Of all the festivals we celebrate at the Waldorf School, Michaelmas is usually the most unfamiliar to people. It doesn’t really have an established place in modern culture, and the historical traditions around it may feel somewhat archaic. And yet Rudolf Steiner offered it as an imagination specifically suited to the modern world. As such, he also saw it as central to the mission of the Waldorf School. So how are we to understand it and make use of it? The “Michael imagination” is a picture of the struggle of our times. Michael represents the spirit of our age, the spirit of modern times, from the 15th century onward. In this imagination, Michael’s gaze is strong and taciturn, but he believes in humanity and seeks to help us achieve our full potential as beings of freedom and love. Allowing for that freedom, he waits for us to act first, then takes up our work and joins with us. The dragon or adversarial force against which he fights alongside of us is characterized by Steiner as a being of hardening, contracting and deadening forces, striving tirelessly to bring humanity under its dominion—to enslave us. If our Michaelmas pageants in the Waldorf School leave us with a feeling of victorious completion, then we may be missing the point. The festival of Michaelmas should serve to rouse us, to stir us to action, perhaps even to alarm us—for often that’s exactly what we need to spark our courage. Talking to the teachers of the first Waldorf School in 1923, Rudolf Steiner commented: “Basically, we have fallen out of the habit of being inwardly incensed by things as they are. If you merely pull a long face, however, about things that ought to be rejected in our civilization, you certainly will not be able to educate.”
The dragon threatens our civilization with three primary forces that ought to alarm us: intellectualism, egoism and materialism. Intellectualism refers to a cold, abstract (one might say digital) rationality, and through it, the dragon strives to disconnect us from our own hearts. Egoism is a preoccupation with one’s self, an excessive individualism, and it destroys our connection with other humans. Materialism in this context means the belief that the physical world of the senses is all that is real, which effectively cuts us off from the surrounding super-sensory world. In this way this adversarial force increasingly isolates us from ourselves, from community, and from the spirit, making us more vulnerable and easier to control.

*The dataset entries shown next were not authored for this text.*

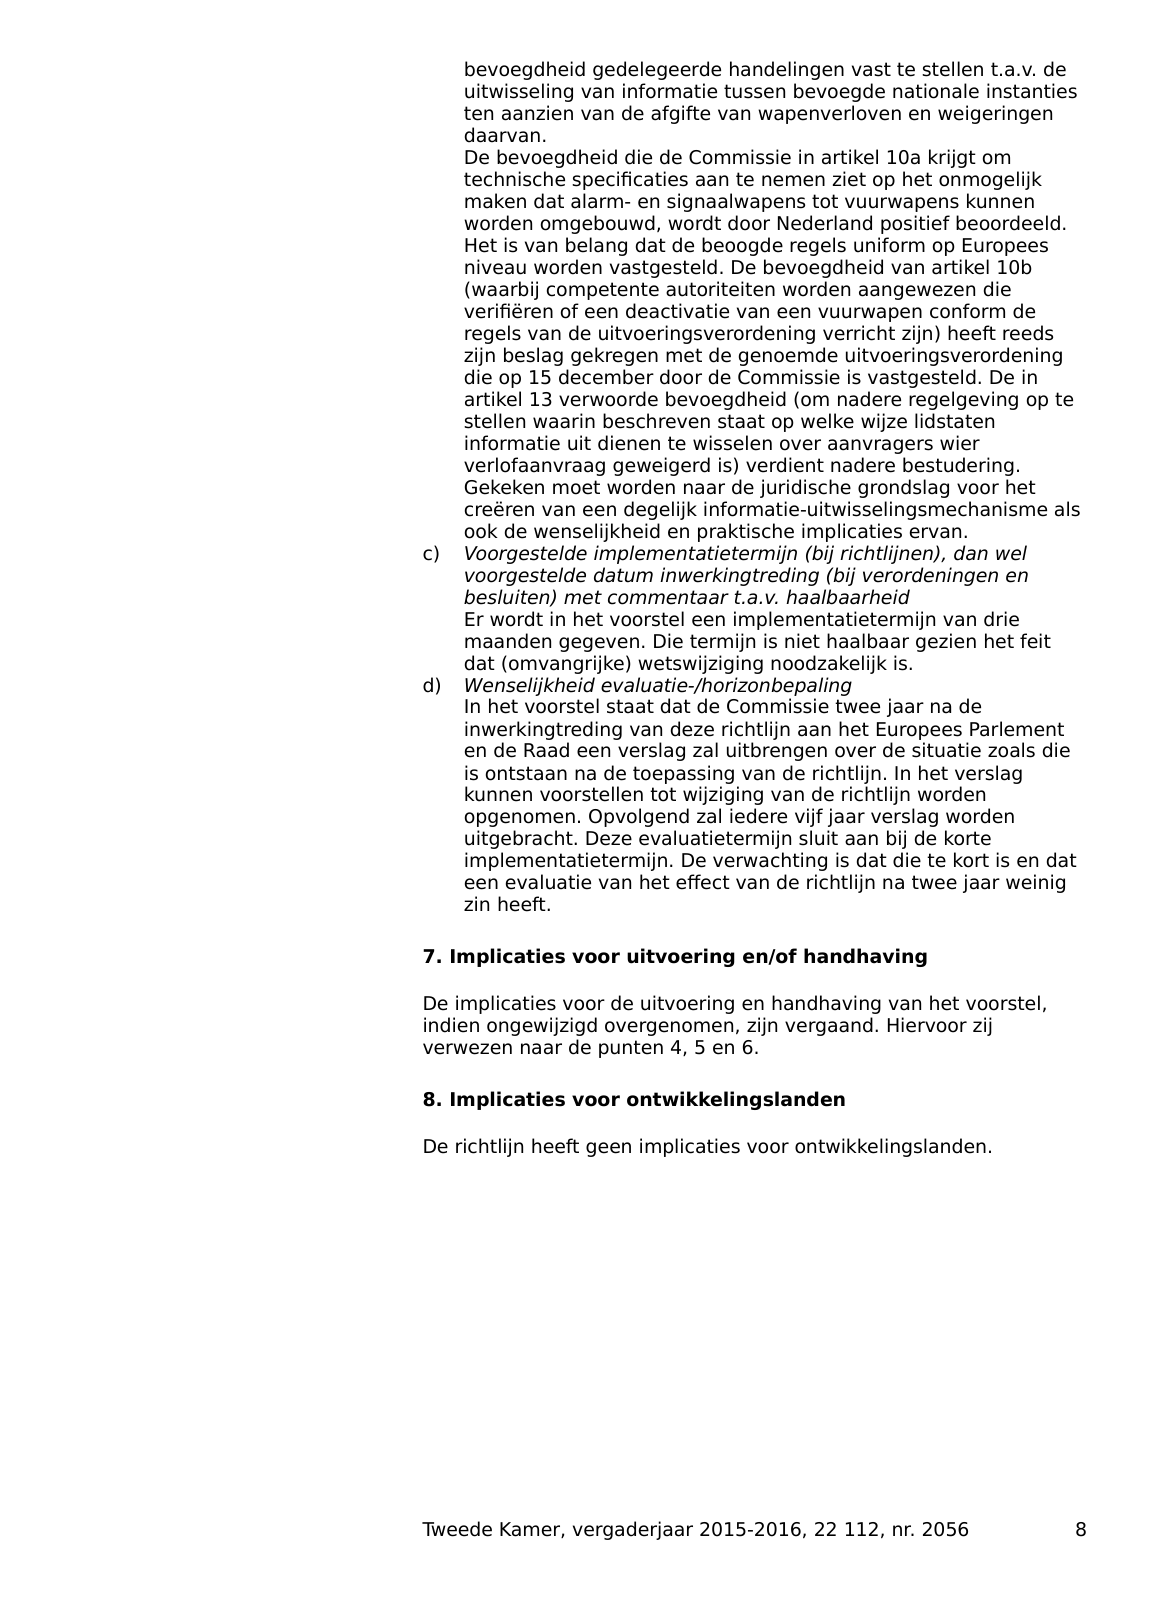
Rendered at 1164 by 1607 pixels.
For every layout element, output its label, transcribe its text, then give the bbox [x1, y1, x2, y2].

text In het voorstel staat dat de Commissie twee jaar na de inwerkingtreding van deze richtlijn aan het Europees Parlement en de Raad een verslag zal uitbrengen over de situatie zoals die is ontstaan na de toepassing van de richtlijn. In het verslag kunnen voorstellen tot wijziging van de richtlijn worden opgenomen. Opvolgend zal iedere vijf jaar verslag worden uitgebracht. Deze evaluatietermijn sluit aan bij de korte implementatietermijn. De verwachting is dat die te kort is en dat een evaluatie van het effect van de richtlijn na twee jaar weinig zin heeft. [464, 696, 1087, 916]
text Er wordt in het voorstel een implementatietermijn van drie maanden gegeven. Die termijn is niet haalbaar gezien het feit dat (omvangrijke) wetswijziging noodzakelijk is. [464, 608, 1087, 674]
subtitle 8. Implicaties voor ontwikkelingslanden [422, 1089, 1087, 1111]
subtitle 7. Implicaties voor uitvoering en/of handhaving [422, 946, 1087, 968]
text c) Voorgestelde implementatietermijn (bij richtlijnen), dan wel voorgestelde datum inwerkingtreding (bij verordeningen en besluiten) met commentaar t.a.v. haalbaarheid [422, 543, 1087, 608]
text De bevoegdheid die de Commissie in artikel 10a krijgt om technische specificaties aan te nemen ziet op het onmogelijk maken dat alarm- en signaalwapens tot vuurwapens kunnen worden omgebouwd, wordt door Nederland positief beoordeeld. Het is van belang dat de beoogde regels uniform op Europees niveau worden vastgesteld. De bevoegdheid van artikel 10b (waarbij competente autoriteiten worden aangewezen die verifiëren of een deactivatie van een vuurwapen conform de regels van de uitvoeringsverordening verricht zijn) heeft reeds zijn beslag gekregen met de genoemde uitvoeringsverordening die op 15 december door de Commissie is vastgesteld. De in artikel 13 verwoorde bevoegdheid (om nadere regelgeving op te stellen waarin beschreven staat op welke wijze lidstaten informatie uit dienen te wisselen over aanvragers wier verlofaanvraag geweigerd is) verdient nadere bestudering. Gekeken moet worden naar de juridische grondslag voor het creëren van een degelijk informatie-uitwisselingsmechanisme als ook de wenselijkheid en praktische implicaties ervan. [464, 147, 1087, 543]
text De implicaties voor de uitvoering en handhaving van het voorstel, indien ongewijzigd overgenomen, zijn vergaand. Hiervoor zij verwezen naar de punten 4, 5 en 6. [422, 993, 1087, 1059]
text bevoegdheid gedelegeerde handelingen vast te stellen t.a.v. de uitwisseling van informatie tussen bevoegde nationale instanties ten aanzien van de afgifte van wapenverloven en weigeringen daarvan. [464, 59, 1087, 147]
text d) Wenselijkheid evaluatie-/horizonbepaling [422, 674, 1087, 696]
text De richtlijn heeft geen implicaties voor ontwikkelingslanden. [422, 1136, 1087, 1158]
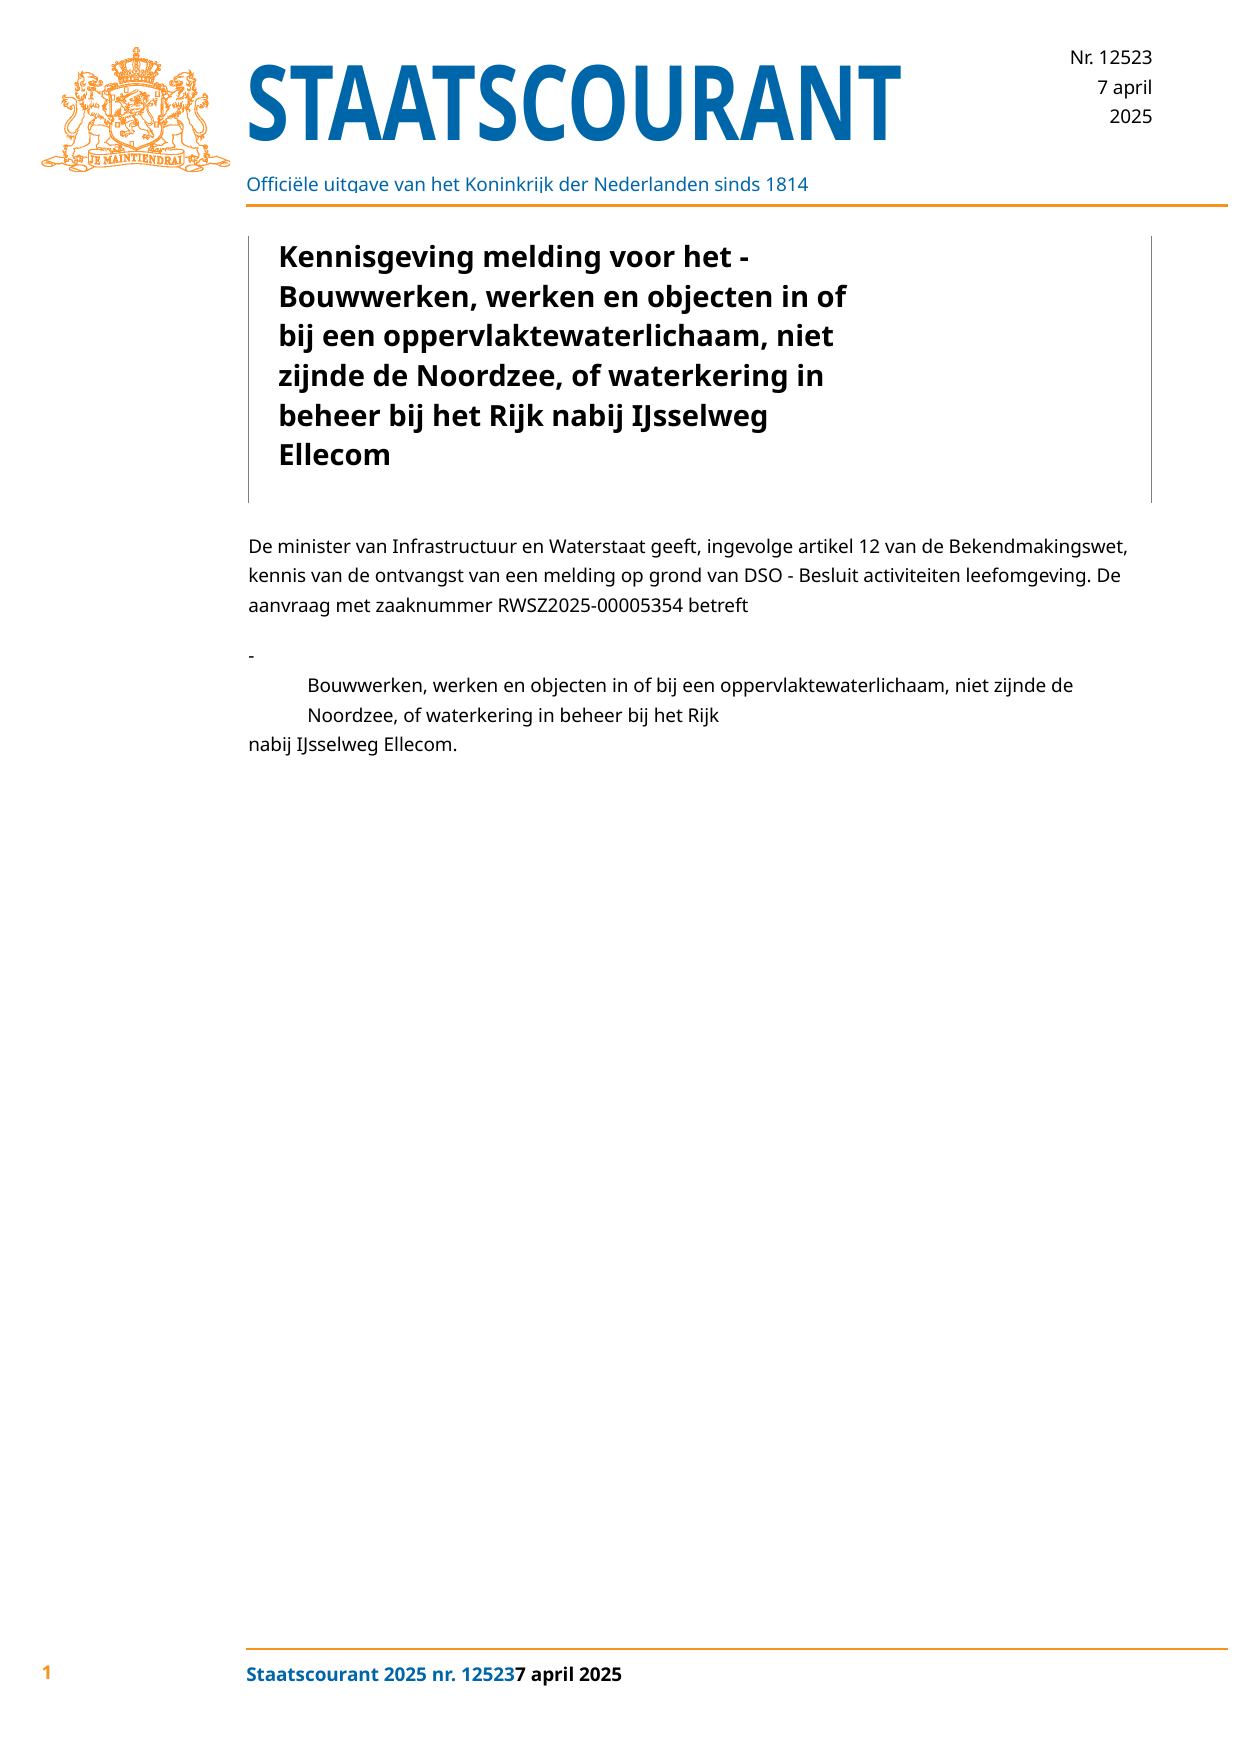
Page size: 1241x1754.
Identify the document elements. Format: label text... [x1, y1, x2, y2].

picture [41, 47, 231, 172]
picture [912, 236, 1090, 414]
list Bouwwerken, werken en objecten in of bij een oppervlaktewaterlichaam, niet zijnde de Noordzee, of waterkering in beheer bij het Rijk [248, 672, 1152, 727]
table_header [1090, 236, 1151, 413]
table_header Kennisgeving melding voor het -Bouwwerken, werken en objecten in of bij een oppervlaktewaterlichaam, niet zijnde de Noordzee, of waterkering in beheer bij het Rijk nabij IJsselweg Ellecom [249, 236, 850, 503]
text nabij IJsselweg Ellecom. [248, 731, 1152, 757]
table_header [850, 236, 912, 413]
text De minister van Infrastructuur en Waterstaat geeft, ingevolge artikel 12 van de Bekendmakingswet, kennis van de ontvangst van een melding op grond van DSO - Besluit activiteiten leefomgeving. De aanvraag met zaaknummer RWSZ2025-00005354 betreft [248, 533, 1152, 618]
table_header [850, 414, 1151, 503]
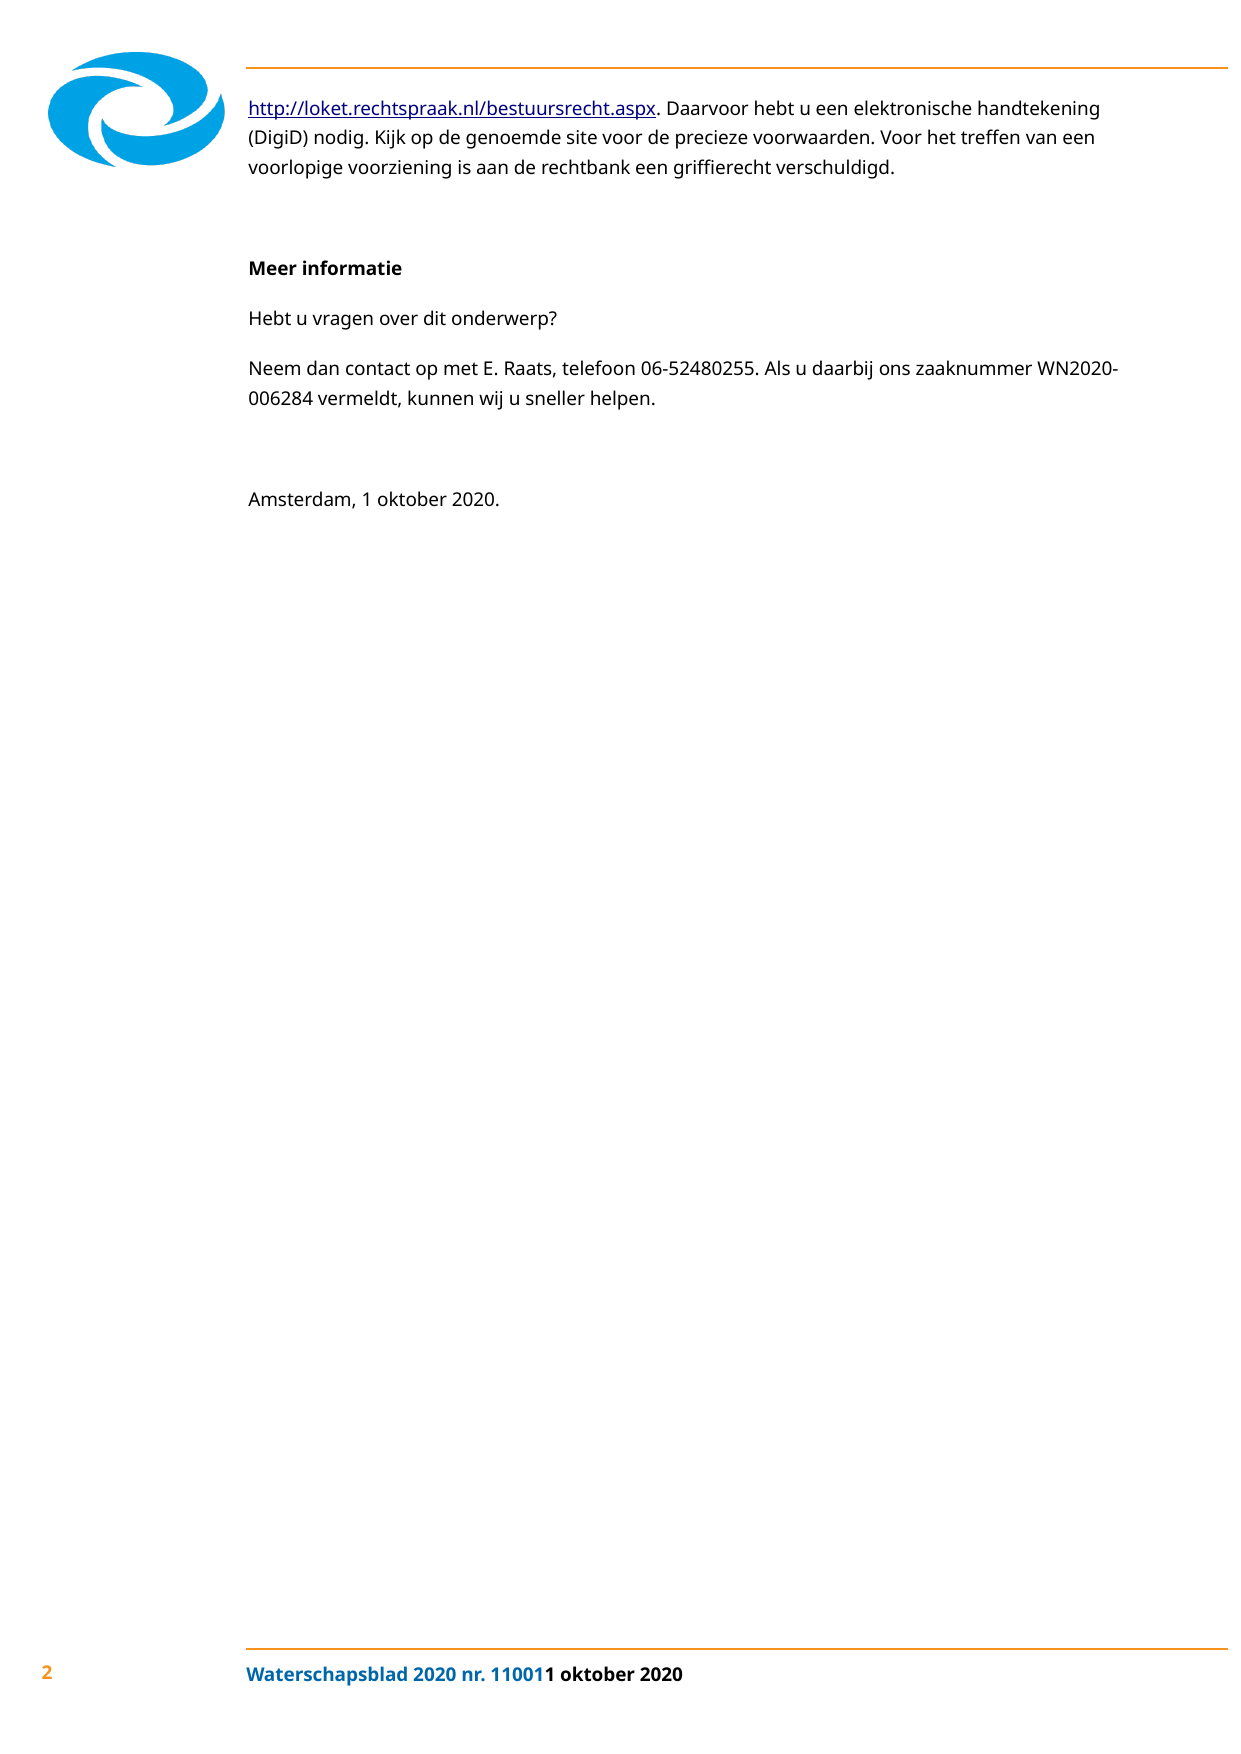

In this imagination, Michael is mightier than the dragon, thrusting it out of the heavens and toward the earth, but the battle is nonetheless ongoing and actively raging here on the earthly plane. In this current moment, there is a great deal to cause fear and concern: global pandemics that threaten lives and tear at our social fabric, unprecedented fires and floods fueled by climate change, centuries of unresolved racial injustice boiling up violently, political discourse that feels perpetually polarized, increasing economic inequality....the list can feel truly overpowering and intractable. A “long face” may feel like the best one can do sometimes.
But the image of Michael struggling powerfully for humanity’s sake can and should rouse us to greater consciousness — to be “incensed by things as they are.” If we consider that our many crises may be manifestations of the three underlying adversarial forces, then we can begin to struggle in meaningful and lasting ways. We can begin to think with our hearts in living images rather than cold abstractions. We can combat our egoism by serving and celebrating the human community and enlarging our social bonds. We can endeavor to sustain an awareness that, beyond our immediate sense experience, there is an active spiritual world that grounds our being. We can begin, in the words of Martin Luther King, Jr, to “rededicate ourselves to the long and bitter, but beautiful, struggle for a new world.”
It’s not truly here yet, but the cold, dead winter is coming. Here in Sacramento, we can find strength in the unique image of a creature that is indigenous to this region: the salmon. The salmon is a majestic creature of two worlds that struggles upstream each September against forces of death for the sake of perpetuating life. This is a natural part of the salmon’s beautiful and mysterious life cycle. Similarly, we somehow need the struggle with the dragon. We are here on earth, where these adversarial forces are quite powerful, and we came here with a reason, with a purpose, with work to do and lessons to learn. We can learn to recognize and resist the forces that threaten our humanity and boldly face life in our times, as desperate as they can feel. It may take fear to spark courage, but with courage, we can find the inner strength to struggle —and hope.